There is something both comforting and encouraging about watching this bulb blossom as I attempt to bring focus and meaning into this new year.
I hope your life is unfolding in wonderful new ways, too.
P.S. The cute little bear in the window, a gift from my husband, is a Margaret Hudson design. Margaret began creating art to support her family when her husband became unable to work. She became well known and loved in the Central Valley of California and beyond.
Last you heard I’d found my voice. Well, easy come easy go! I’ve been down with a cold the past week. It’s been doubly hard because I was mentally prepared to charge into 2020.
Last year was a difficult one as we moved from Carmel California to Sacramento. Everything changed. I slipped into depression and gained ten pounds. I’m feeling stronger and ready to chase the attainable yet challenging goals I’ve set for myself.
But, I’m currently practicing patience. Life is like that. At 59 years old, I’ve learned that things don’t always go as planned. The year is young. It’s only beginning and I hope to flower, in time, with proper care.
All the best,
Chapter 2: Look What I Can Do!
I’m a visual person and this seems to be how I decide what I want to invest my energy in. Last January I pictured myself blogging in my pink shed. By March, I was writing to you!
This year I pictured a stronger me; I never thought I’d say that. I’m lifting weights; I never thought I’d do that! And, I’m making progress!
When I hobbled in to meet my personal trainer, I was nine pounds heavier with a swollen, blue ankle. Jonathan was supportive and instructive. He was careful to reinforce the correct position for every exercise so that I would not experience a “gym injury” of any kind. After all, I confessed that I am an extremely experienced and talented klutz. My friends asked if I felt that he was pushing me to my max, and I had to respond negatively….until.
I made a quick trip over to see my daughter who is an active college student. Her routine includes Boot Camp in the Park every Sunday. How could I say no?! The trainer modified some of the activities to take into account my weak ankle, but I pulled my weight…figuratively and literally! I felt so proud of myself that I sent a photo to my trainer.

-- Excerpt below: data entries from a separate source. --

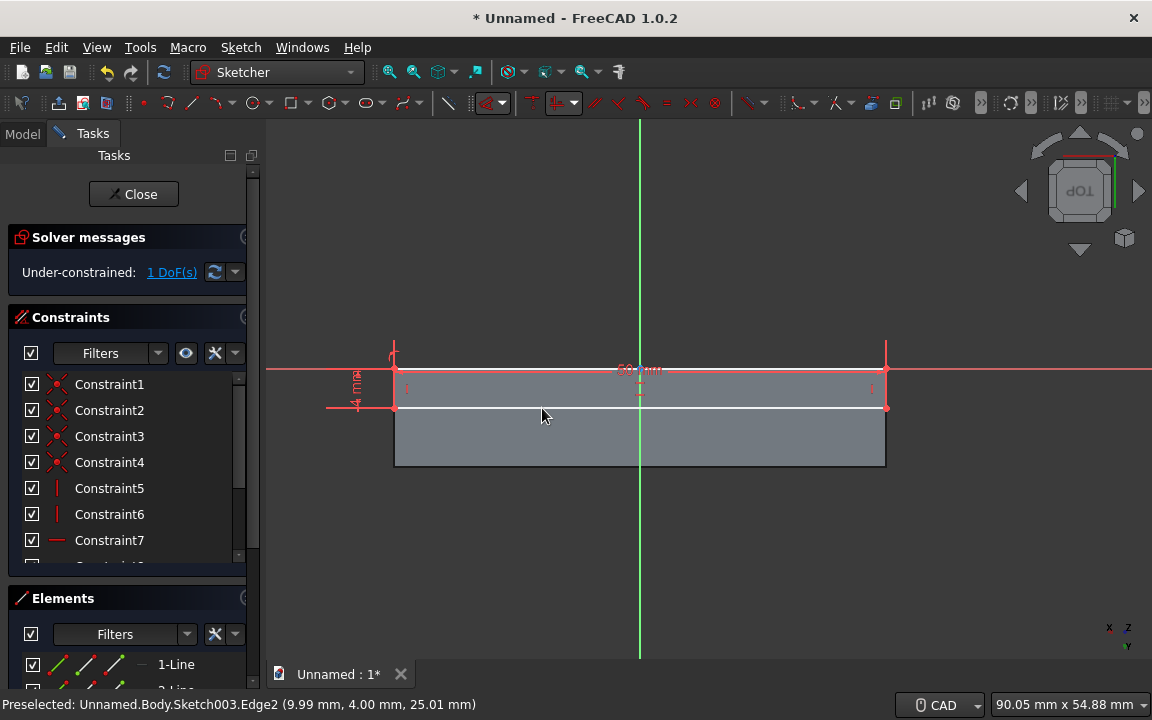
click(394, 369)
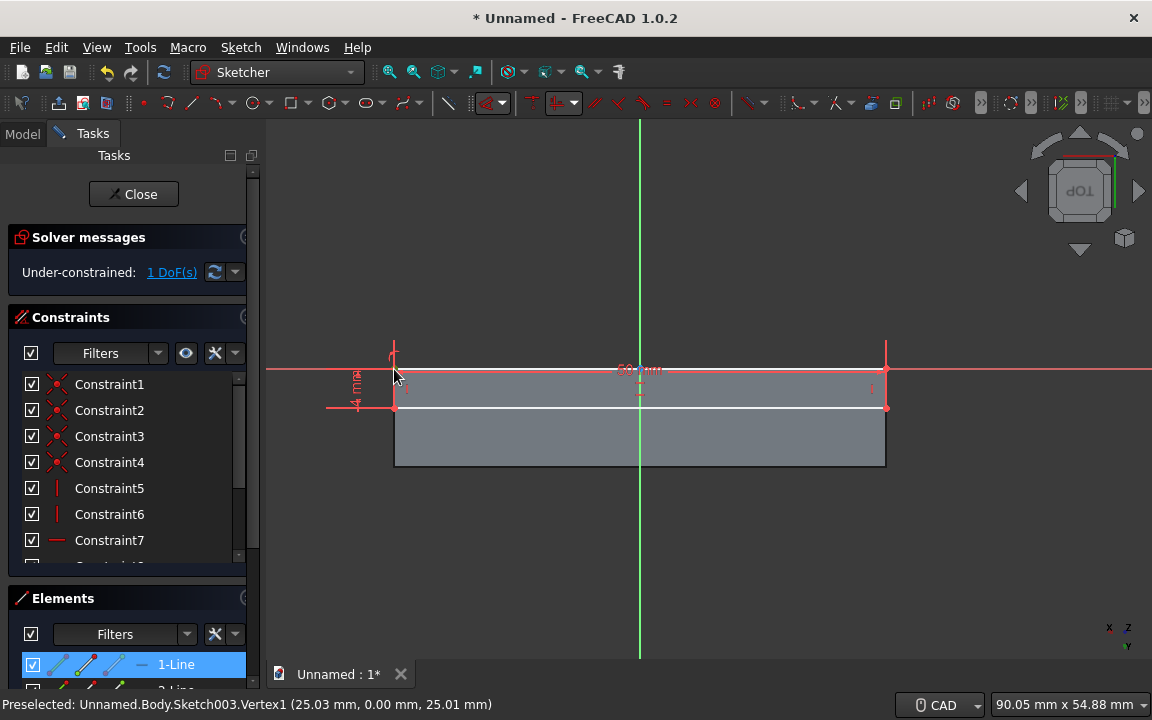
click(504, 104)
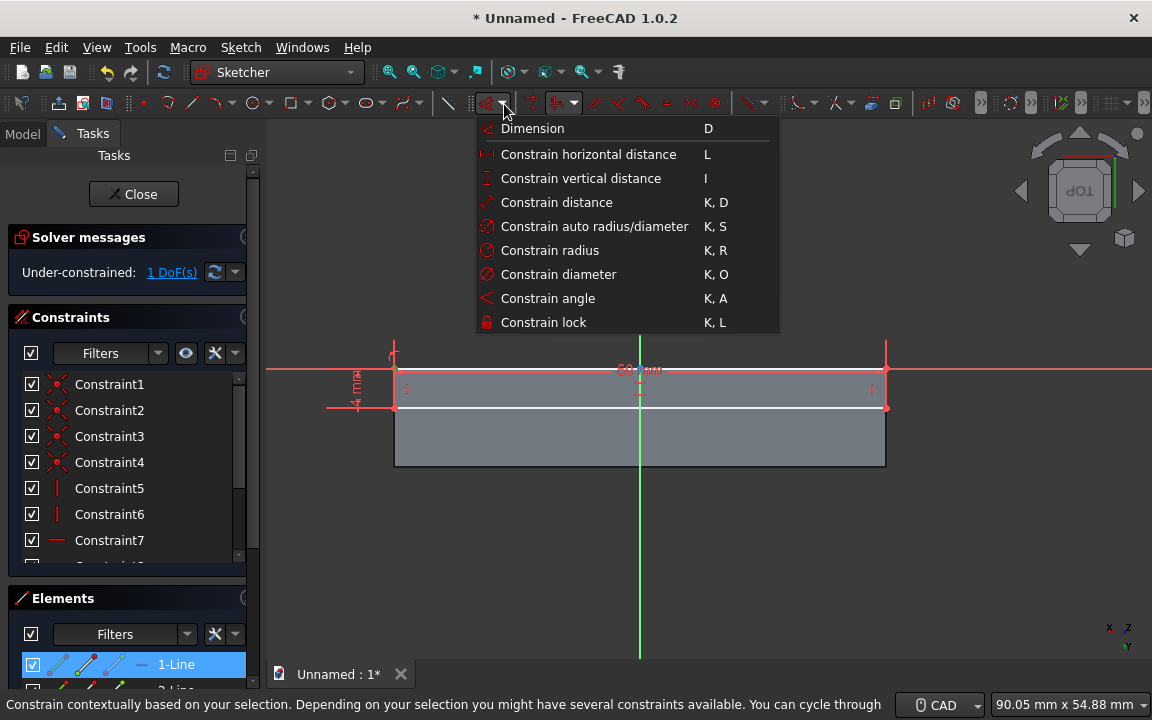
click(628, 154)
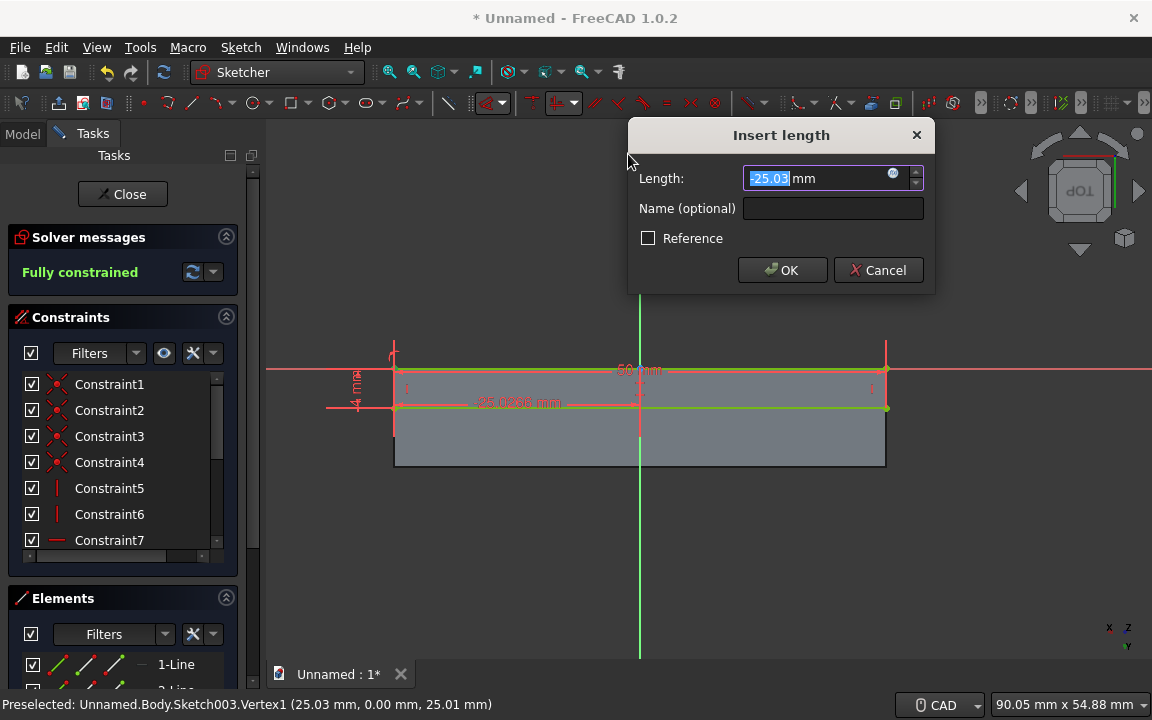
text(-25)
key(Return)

Oops! I returned home to an amped up routine.
“Ack, you don’t feel sorry for me anymore, do you?!” I asked Jonathan.
“Nope, think I saw you dragging a weighted tire through the park!” he answered.

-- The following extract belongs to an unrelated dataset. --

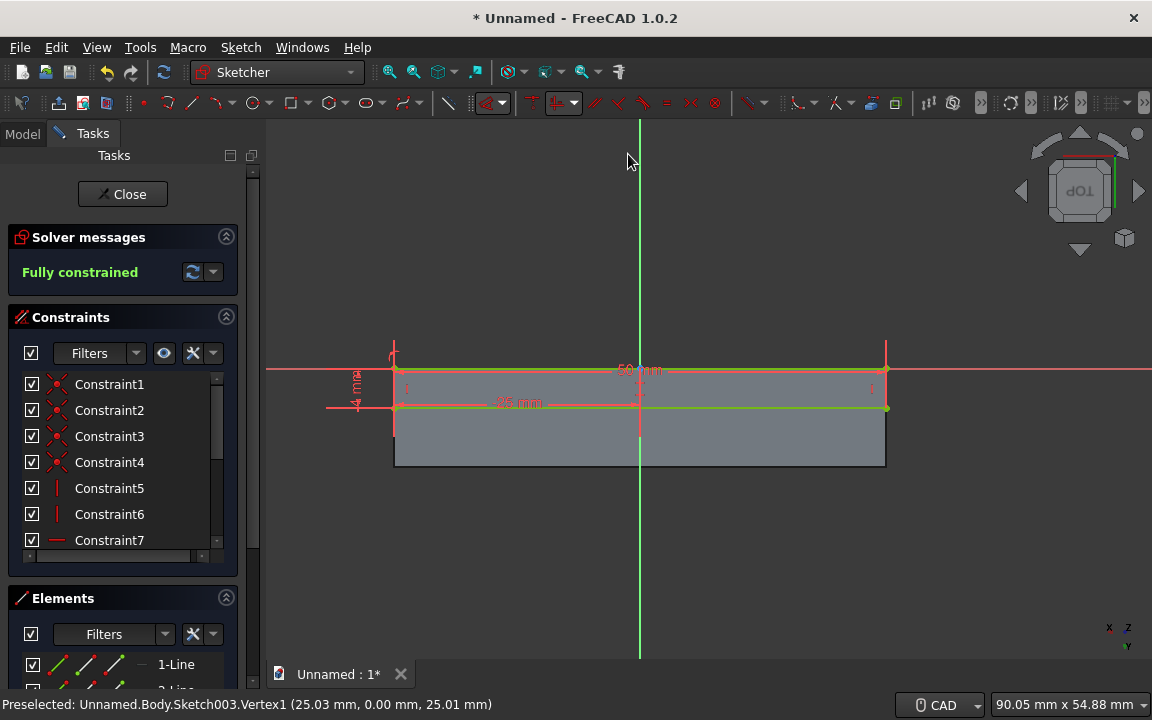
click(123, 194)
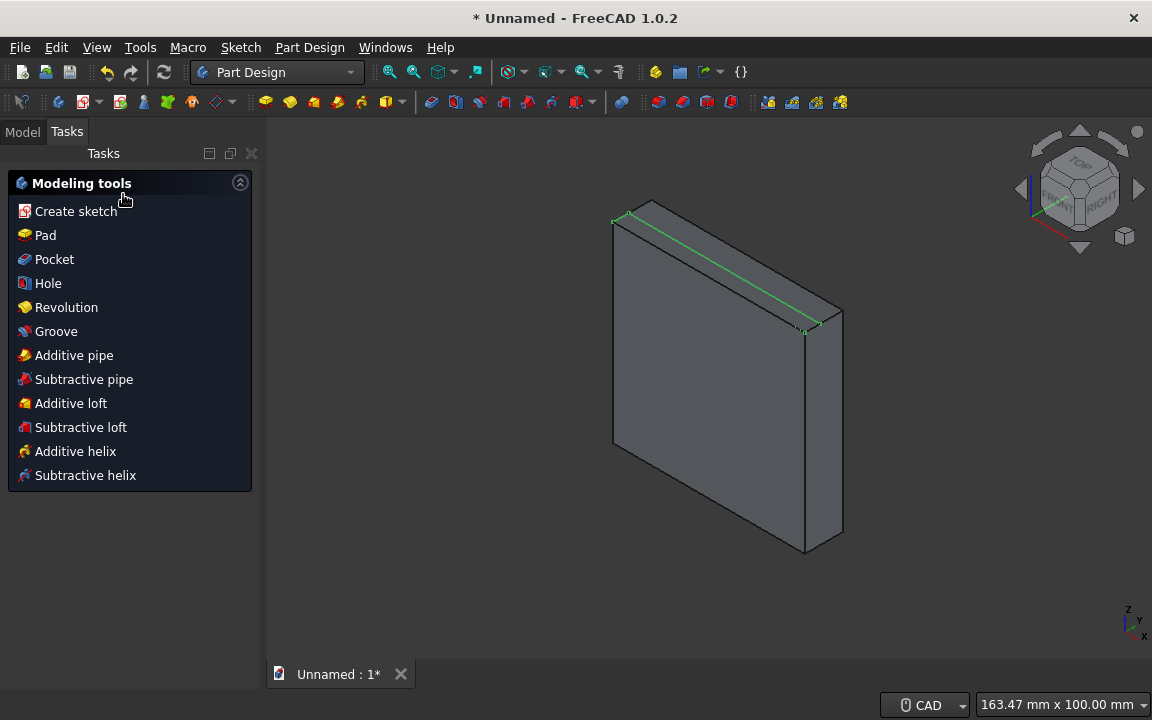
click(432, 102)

When, way back when, I was in high school, kids divided themselves up into four groups: jocks, brains, socials and stoners. I fell into the “brains” group. I’ve always felt most comfortable pursuing intellectual goals. My recent foray into the gym has not been easy and so I feel that much more pride in my commitment and effort. I am getting stronger! I love that. This brings me to my second bit of newly acquired wisdom on My Journey to Strong:
We are capable of more than we think!